Music of the Baroque

“Music of the Baroque illuminates Mozart’s Requiem”

By Bryant Manning, Chicago Sun-Times
February 9, 2010


Mozart's gloriously cryptic Requiem in D Minor seems to thrive on its own muddled history. Music of the Baroque's music director Jane Glover writes in her scholarly but popular book Mozart's Women that the composer labored over his magnum opus with his own funeral in mind. Others scholars are understandably more skeptical, arguing that the Requiem as a final Mozartian prayer is too conveniently allegorical.

Historical quibbles aside, Glover's studious insight and idealistic notions of this music came together for a highly personalized reading of this oft-performed masterpiece on Friday night at a sold-out Harris Theater, when she conducted her Music of the Baroque ensemble through a gripping and ultimately consoling journey through Mozart's unfinished work. By using the customary but flawed Sussmayr version (a pupil of Mozart), Glover opted for period authenticity—basset horns and all.

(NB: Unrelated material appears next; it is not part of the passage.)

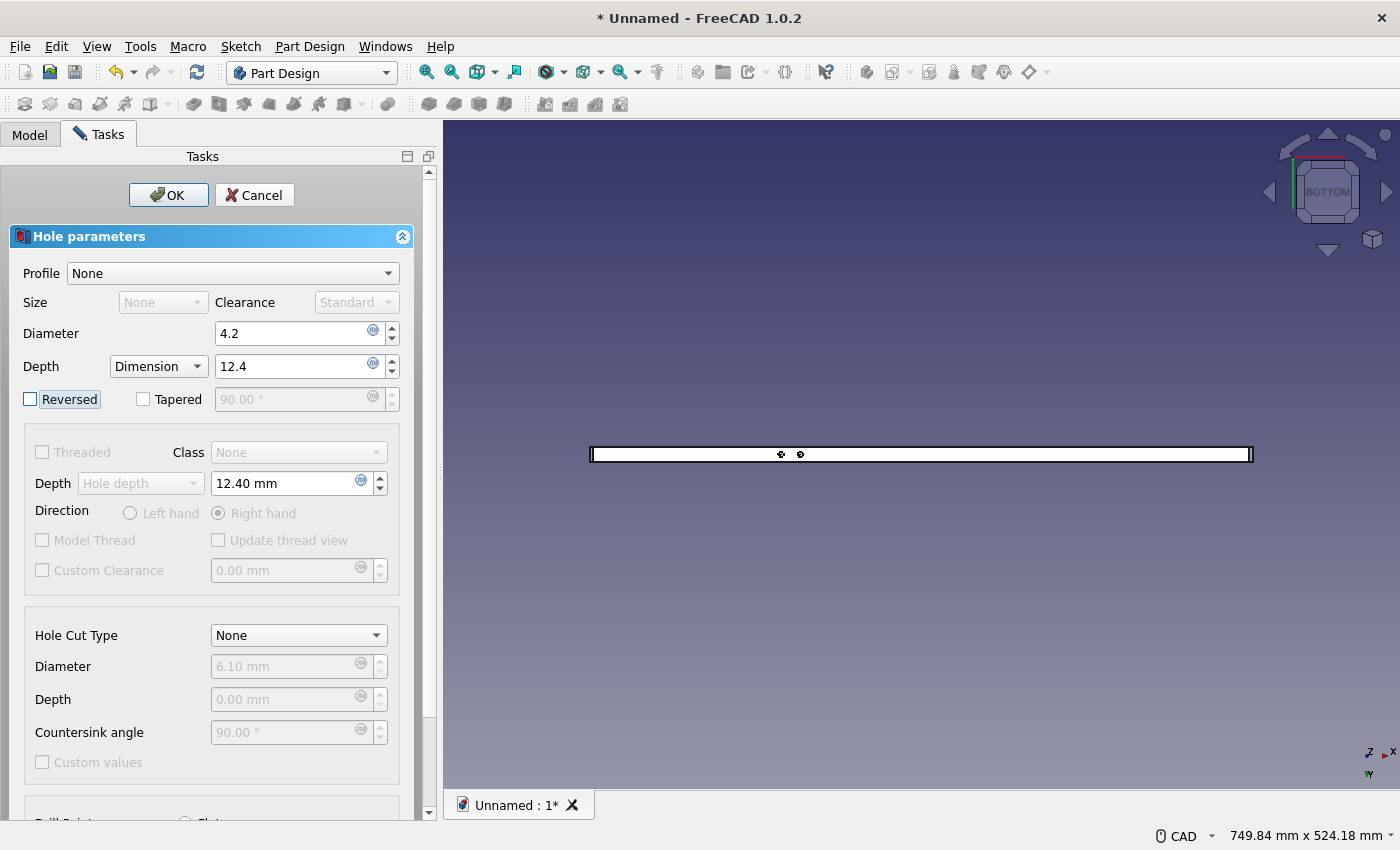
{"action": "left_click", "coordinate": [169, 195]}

In the Kyrie, there were alarmingly accelerated tempos but they would serve as more of a brisk, introductory jolt. The Dies Irae showed a stalwart brass section that never stole from the chorus' thunder, and vocals and instruments alike worked in magical accord during the stirring Offertorium. In the Lacrimosa, they made subtle use of its big, swelling fortes.

The serviceable quartet of vocalists—Arianna Zukerman, Phyllis Pancella, Scott Ramsay and Stephen Morscheck—all sang ardently, while William Jon Gray's chorus provided lovely, if underwhelming, readings of the Latin texts. Zukerman's rich soprano soared meltingly over the stunning quartet in the "Recordare," the jaw-dropping lyrical moment of the concert.

Glover elicited a fairly literal, if sober, version of the final Lux aeterna, keeping any interpretive surprises to herself. Here was a Requiem that emphasized Mozart's graceful embrace of death, and not the tragic account celebrated in Peter Shaeffer's excellent film "Amadeus."

Mozart's earlier Symphony No. 29, K. 201 painted a nice alternative portrait to the dying Mozart, here with Wolfgang as a precocious adolescent. The opening Allegro was wonderfully balanced with stringwork that seemed to dance, and a lightly shaded andante, replete with clean, transparent textures. To Glover's and the orchestra's credit, they unflinchingly finished the music even as a violist, who appeared to have a health concern, dropped her viola with a resounding smash during the final Allegro.